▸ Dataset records
----

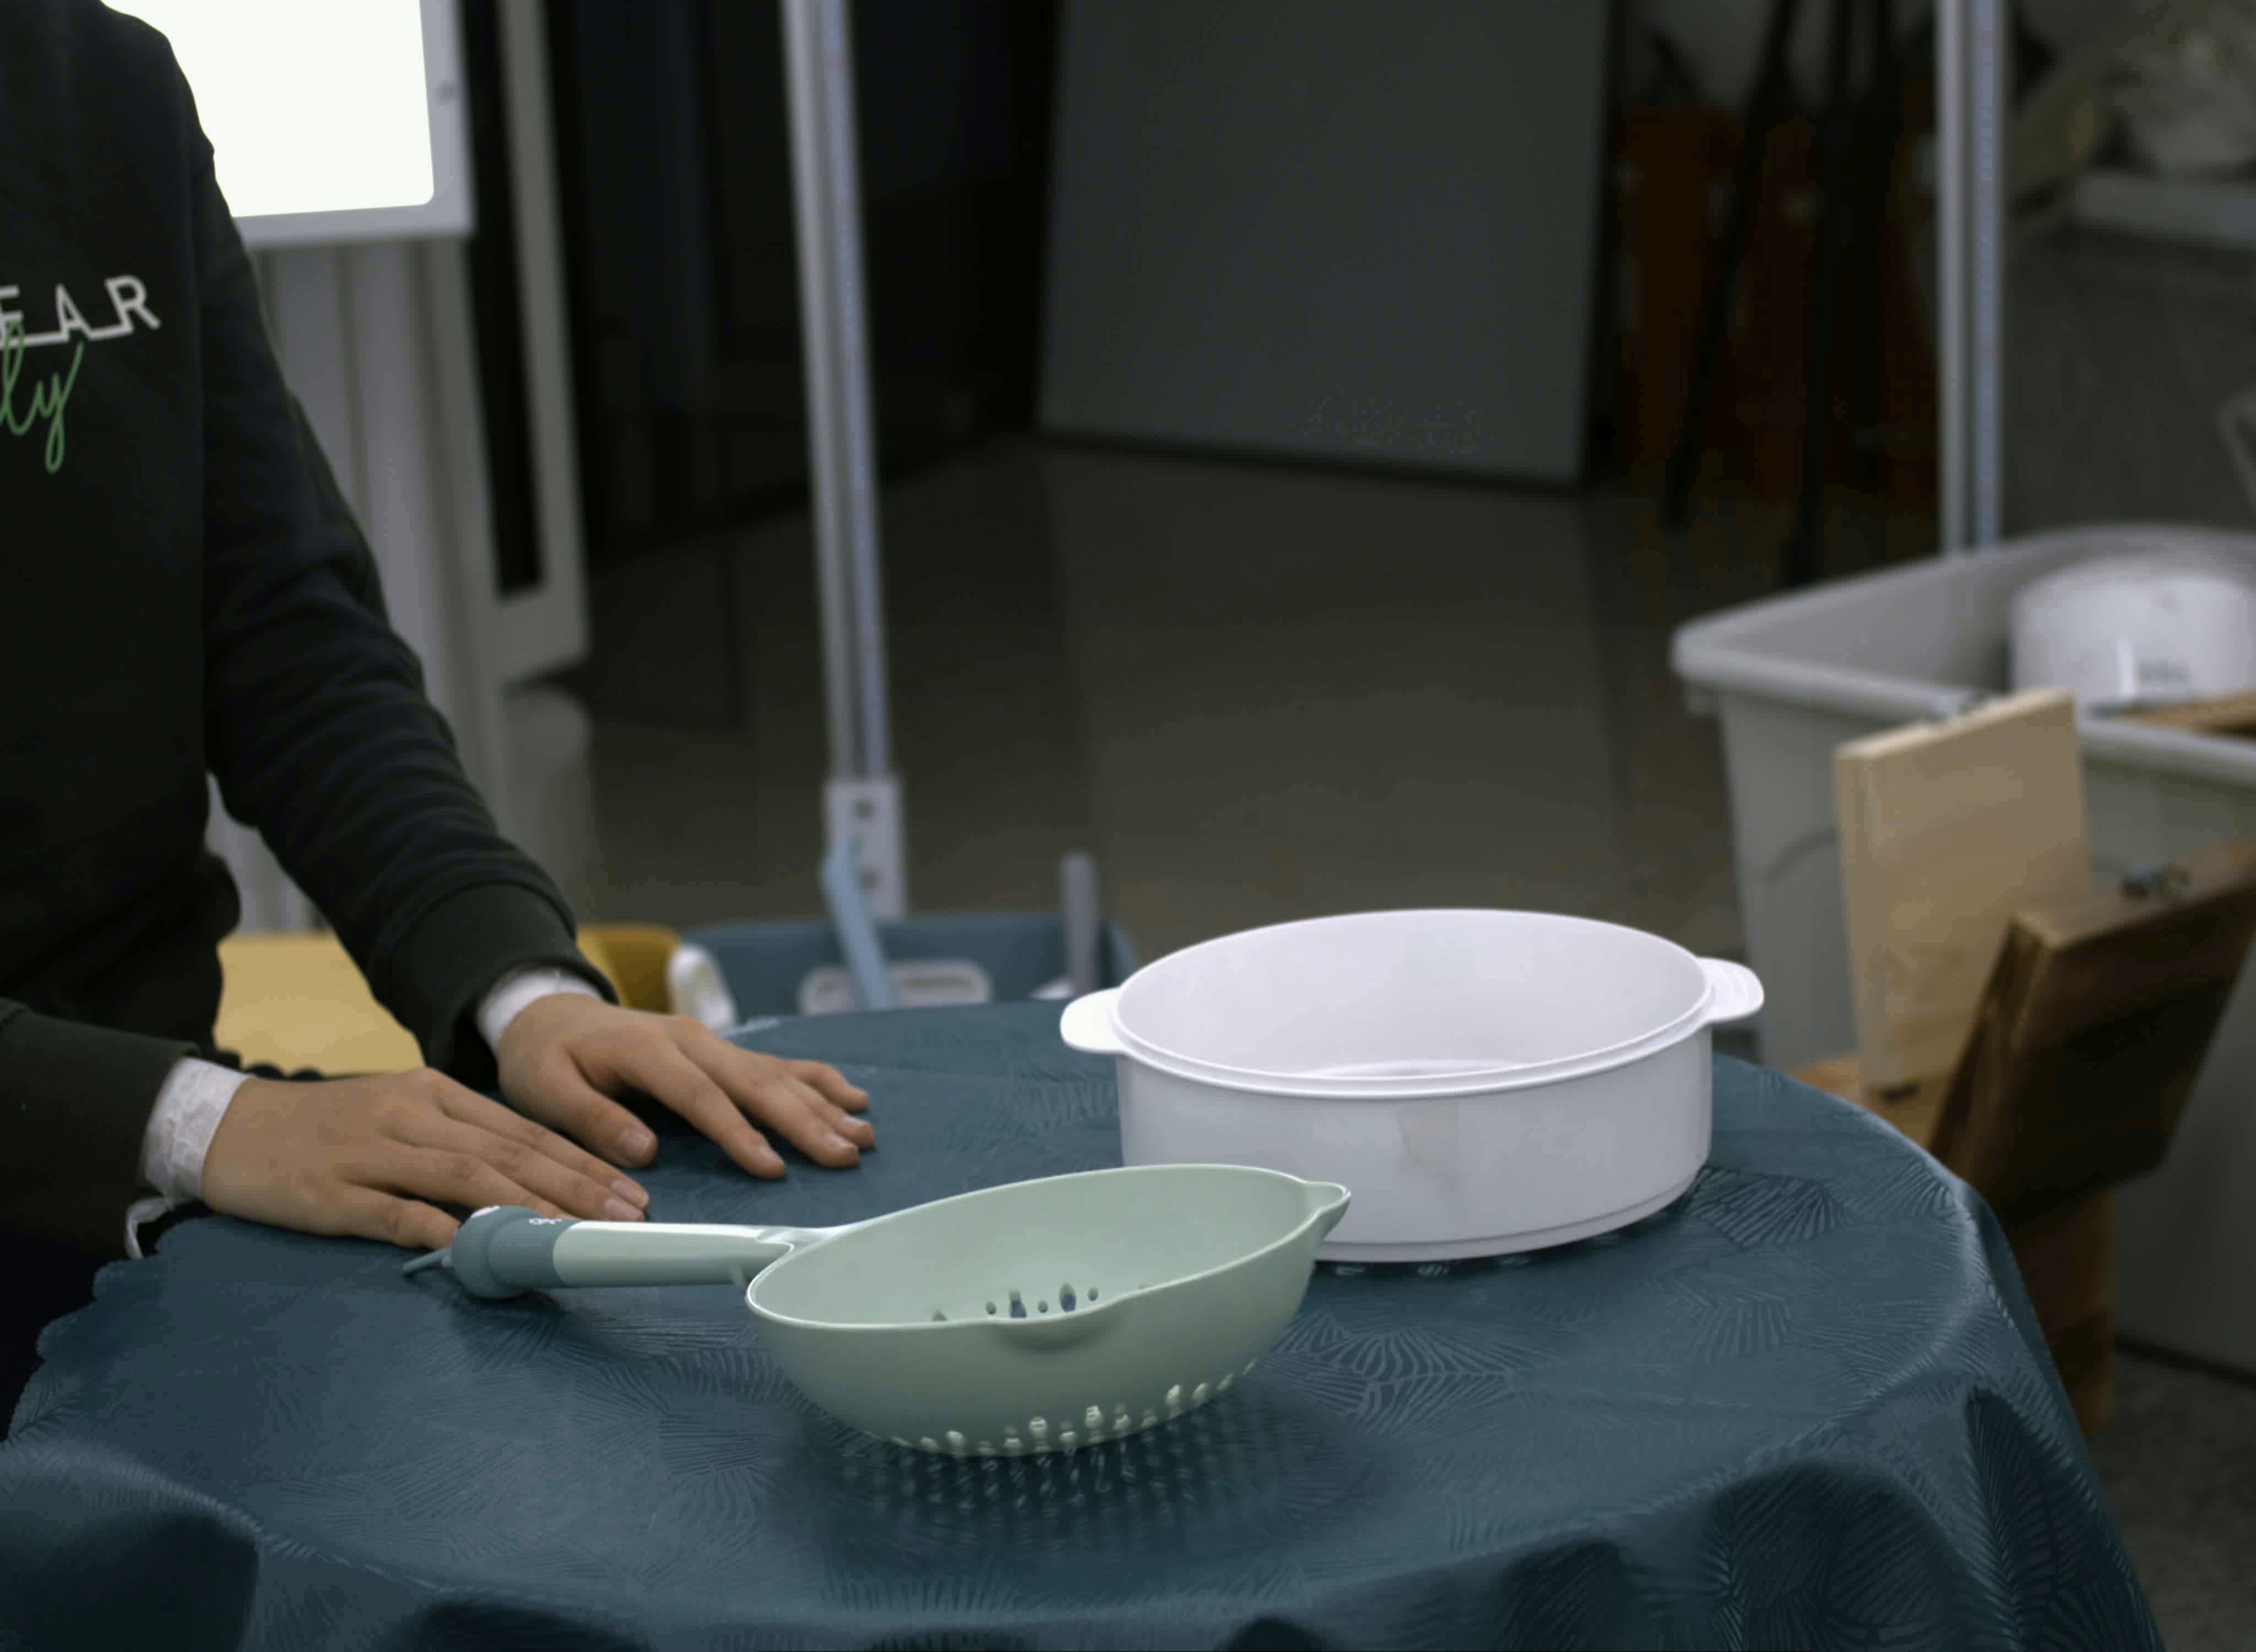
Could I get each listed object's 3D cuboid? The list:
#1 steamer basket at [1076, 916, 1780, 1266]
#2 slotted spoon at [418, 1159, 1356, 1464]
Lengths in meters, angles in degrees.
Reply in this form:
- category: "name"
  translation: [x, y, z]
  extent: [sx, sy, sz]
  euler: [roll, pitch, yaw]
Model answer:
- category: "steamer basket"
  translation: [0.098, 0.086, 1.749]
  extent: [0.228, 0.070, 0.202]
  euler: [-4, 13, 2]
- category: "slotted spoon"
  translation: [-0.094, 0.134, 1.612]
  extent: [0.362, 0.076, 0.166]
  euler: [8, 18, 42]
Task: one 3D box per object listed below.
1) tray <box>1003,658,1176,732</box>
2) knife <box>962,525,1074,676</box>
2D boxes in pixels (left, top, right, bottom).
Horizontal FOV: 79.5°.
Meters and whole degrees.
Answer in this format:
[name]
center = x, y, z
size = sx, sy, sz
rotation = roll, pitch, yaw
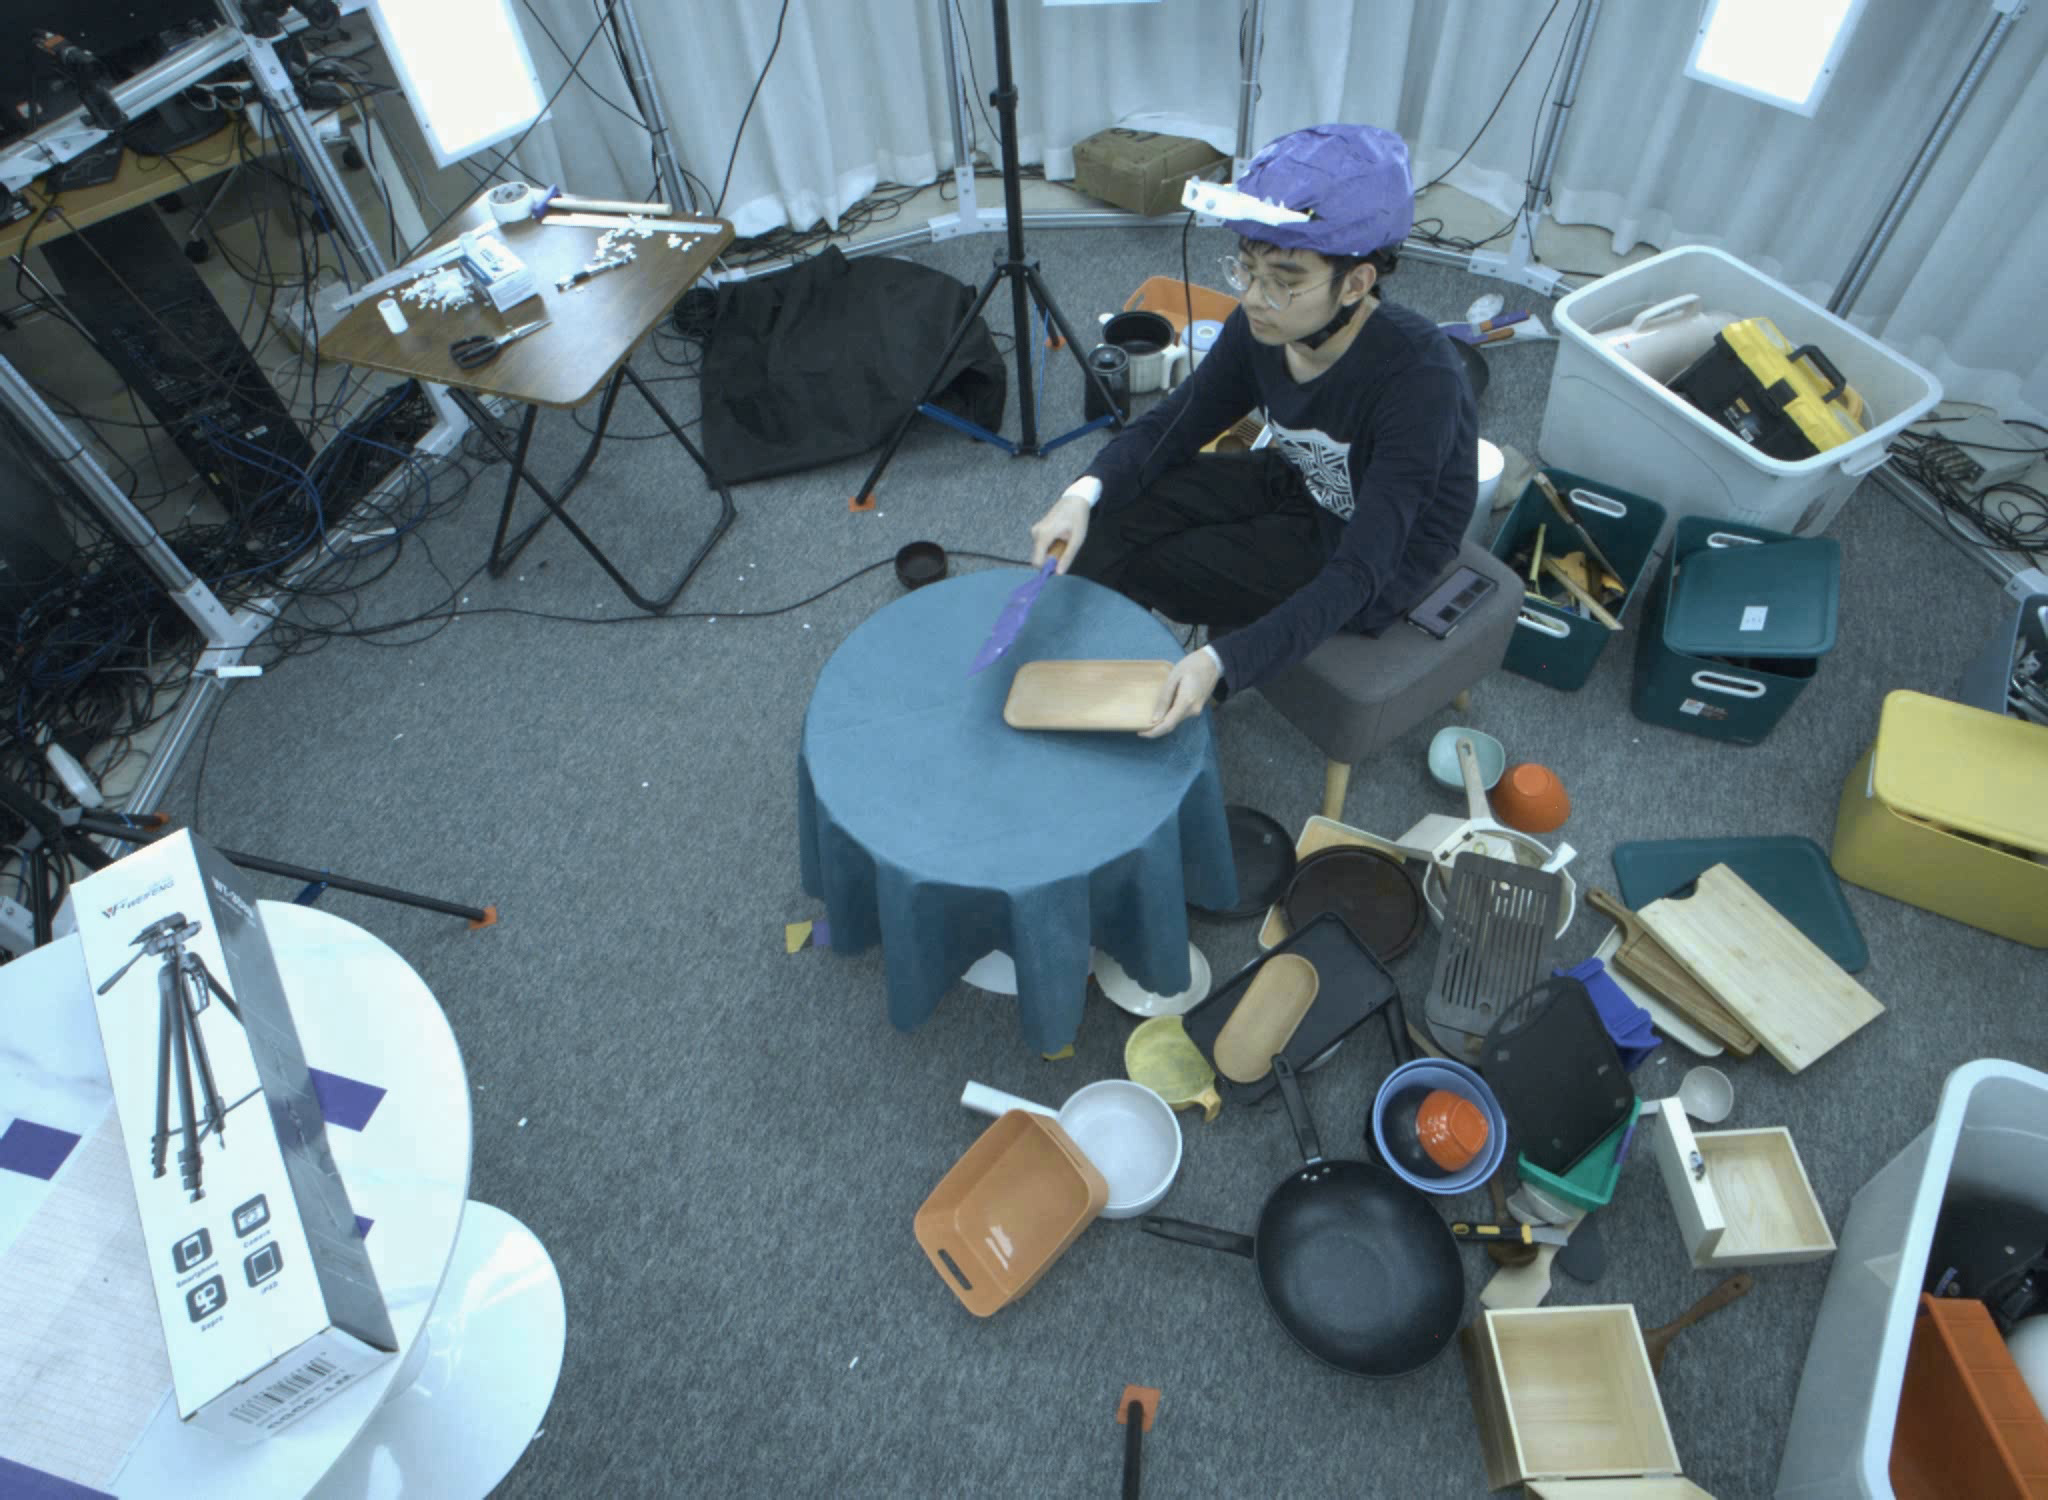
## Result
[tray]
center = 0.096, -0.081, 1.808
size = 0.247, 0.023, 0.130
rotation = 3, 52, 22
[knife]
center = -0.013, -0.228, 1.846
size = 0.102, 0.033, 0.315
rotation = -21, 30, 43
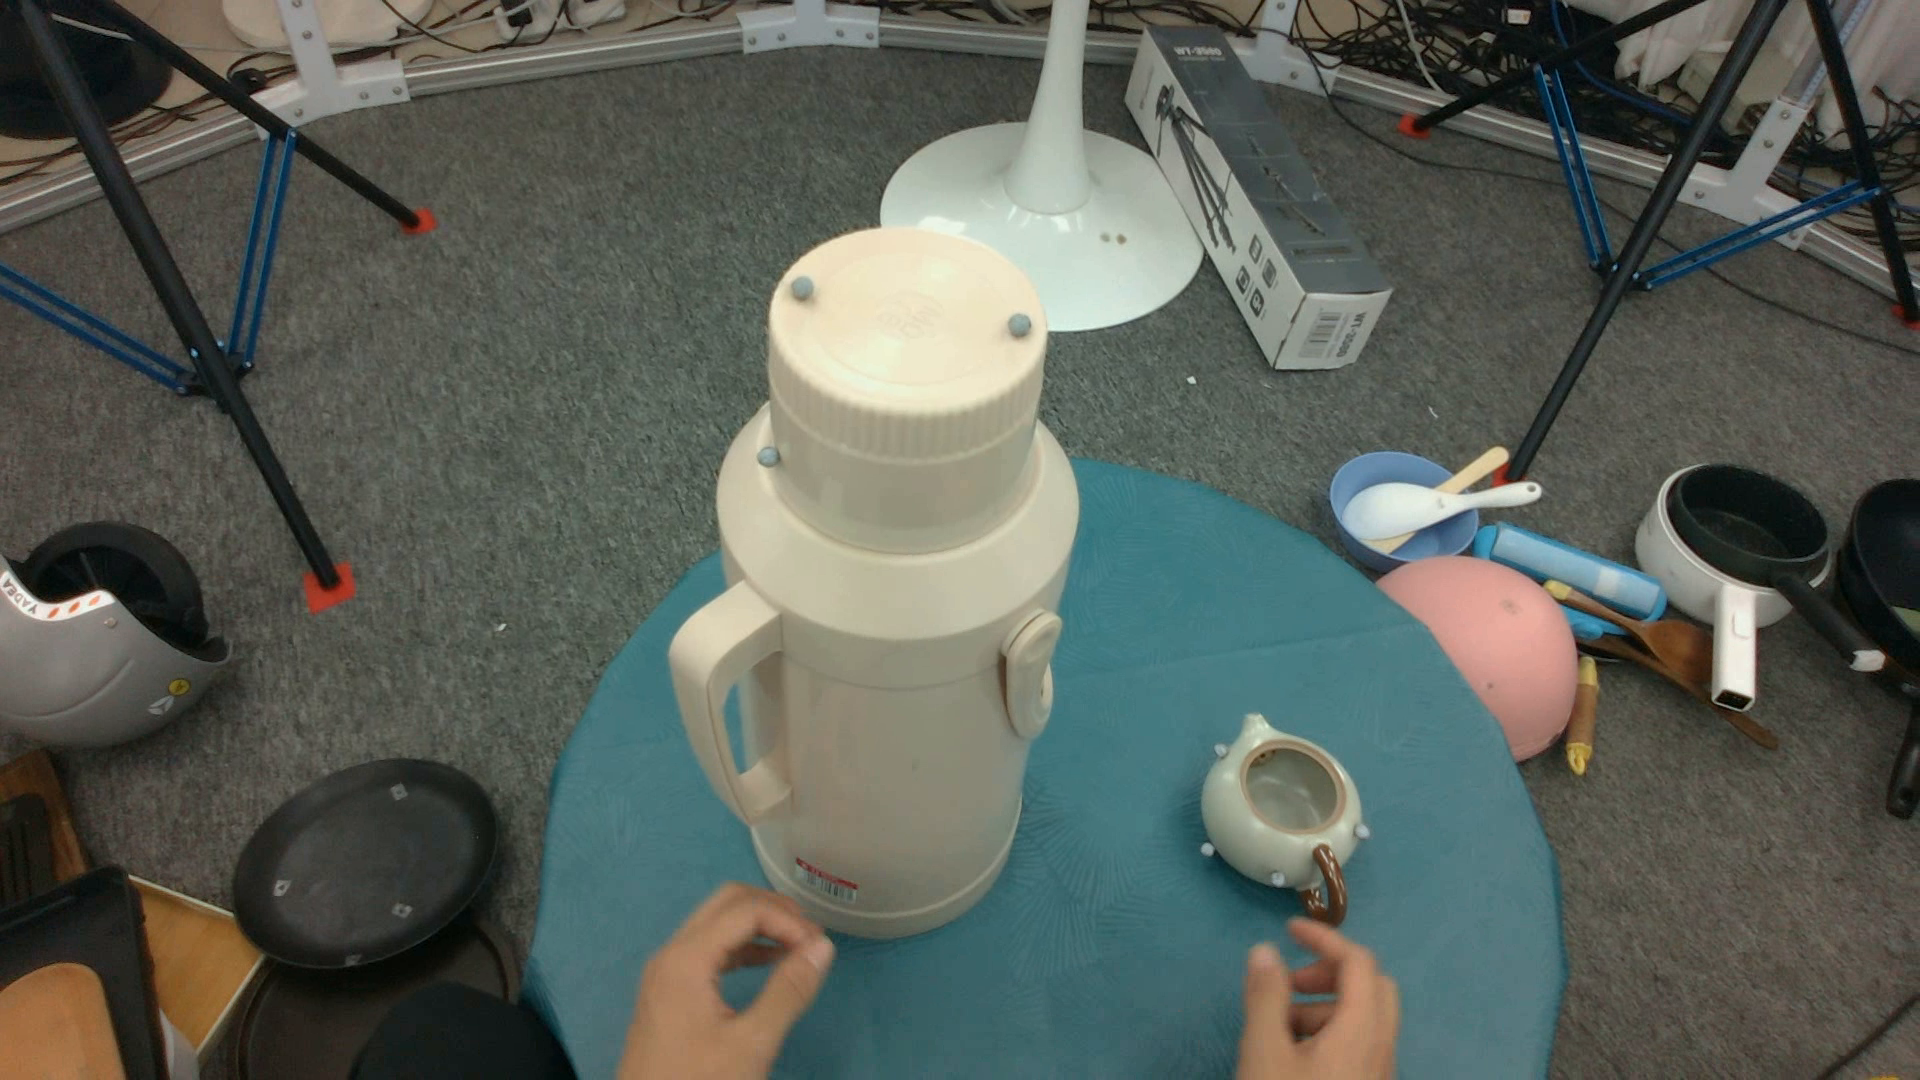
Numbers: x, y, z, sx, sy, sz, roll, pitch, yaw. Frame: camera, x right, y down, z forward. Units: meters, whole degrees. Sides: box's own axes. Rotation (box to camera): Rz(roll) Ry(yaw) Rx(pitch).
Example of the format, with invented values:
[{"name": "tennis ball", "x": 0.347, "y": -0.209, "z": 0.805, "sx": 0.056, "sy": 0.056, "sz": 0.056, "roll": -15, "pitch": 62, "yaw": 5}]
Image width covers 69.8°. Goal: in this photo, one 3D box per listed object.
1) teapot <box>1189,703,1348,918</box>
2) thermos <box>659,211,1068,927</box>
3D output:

----

▸ EXERCISE BRIEF
Only the lines from the beginning of the records up to and including the line with "euler: [roll, pitch, yaw]" should appear, exactly as they are, and no pictures.

▸ WRITTEN REPLY
Could I get each listed object's 3D cuboid? The list:
#1 steamer basket at [1076, 916, 1780, 1266]
#2 slotted spoon at [418, 1159, 1356, 1464]
Lengths in meters, angles in degrees.
Reply in this form:
- category: "name"
  translation: [x, y, z]
  extent: [sx, sy, sz]
  euler: [roll, pitch, yaw]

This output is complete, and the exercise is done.